Around this point, with a century of design history having been deconstructed yet no strong consensus emerging on where that history goes next, it suddenly occurred to me that critics scrapping over the next “ism” were a bit like bald men fighting over a comb. What if the design lineage that started with Modernism has in fact come to an end? Maybe the next big thing is not design at all but something else entirely, most likely driven by technology? Perhaps design itself is an “ism” – “designism” that has already had its time?

Design as we know it has lasted a good hundred years and done much to change the world we live in for the better, but perhaps today it has become so splintered – and so ubiquitous –  that it has lost its meaning.

Designism is dead. That really is an Extra/Ordinary thought.


MATTEO THUN

Matteo Thun, Architect and Designer, born in Bolzano in 1952, studied at the Academy of Salzburg with Oskar Kokoschka and at the university of Florence. After having worked with Ettore Sottsass, Matteo Thun became the co-founder of the ‘Memphis Group in Milan.

Milan and partner of ‘Sottsass Associati’ from 1980 to 1984 when he opened his own studio in Milan. At the same time, he taught at the faculty of design at the university of Applied Arts in Vienna (Hochschule für Angewandte Kunst, Wien) from 1983 to 2000. In addition he acted as Art Director for Swatch from 1990 to 1993. In 2000 he started the M.T. Partnership (MTP) with the partners Luca Colombo, Herbert Rathmaier and Antonio Rodriguez. Today, the studio includes a team of 50 architects and designers.

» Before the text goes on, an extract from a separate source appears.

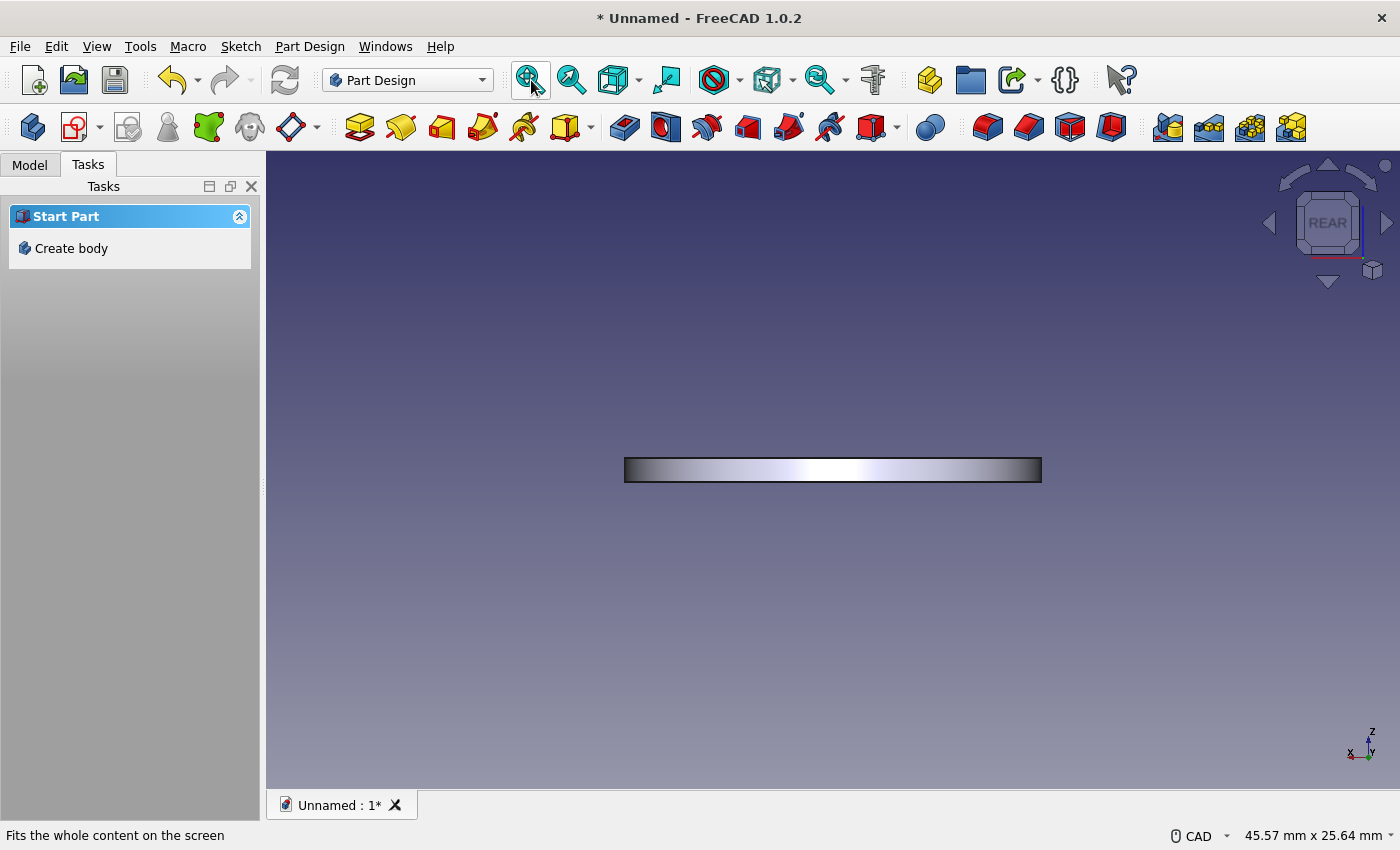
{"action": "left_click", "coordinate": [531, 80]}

MIKE MEIRé Mike Meiré, born in 1964, works and lives in Cologne. In 1987 he founded the agency Meiré und Meiré together with his brother Marc and in 2001 he established the cultural production company NEO NOTO. His most important projects include the arts and culture magazine APART and the business magazine brand eins, which has received numerous awards. In addition to work on magazines such as Arch+, kid’s wear, 032c and MINIInternational, he stages projects that deal with the cultural aspects of brands with regards to art, architecture, fashion and design. Together with Dornbracht, he developed and curated the project series State- ments and subsequently Edges with his own artistic contributions. With a great deal of experience with crossover projects, he switches between the roles of art director, the designer and the artist. He has been working as Creative Director for Dornbracht for more then 15 years and among other things is responsible for the corporate identity and product and brand communication.

THOMAS WAGNER

Thomas Wagner, born in 1955, is an author, art critic and design expert. He studied German and philosophy in Heidelberg and Brighton, Sussex. He has been editor for visual arts at the FAZ since 1991, and since 1997 for design. Along with Eduard Beaucamp, the grandmaster for classic and modern arts, he was responsible for discussing contemporary art. Thomas Wagner is an honorary professor for art and art criticism at the Academy of Fine Arts in Nuremberg. He writes regularly for both the ART as a social critic as well as as a design critic for Stylepark etc.

MARCUS FAIRS (Presenter)

Marcus Fairs is a journalist, entrepreneur, curator, founder of the Icon magazine, and editor of the Dezeen web magazine. He also works in radio and television. A furniture design graduate, Marcus began his journalism career writing for publications including Blueprint, The Guardian, The Independent on Sunday and Conde Nast Traveller. He launched icon, the international architecture and design magazine, in 2003, and edited the publication until November 2006. under Marcus, the magazine rapidly established itself as one of the world’s most influential and respected design journals, winning a string of awards including Launch of the Year and Designer of the Year in 2003 and Monthly Magazine of the Year in 2005 and 2006. Marcus Fairs himself has won numerous awards, including Journalist of the Year (2002) and Architectural Journalist of the Year (2004). He won a BSME award for Best Brand-Building Initiative in 2005. Marcus Fairs lives and works in London.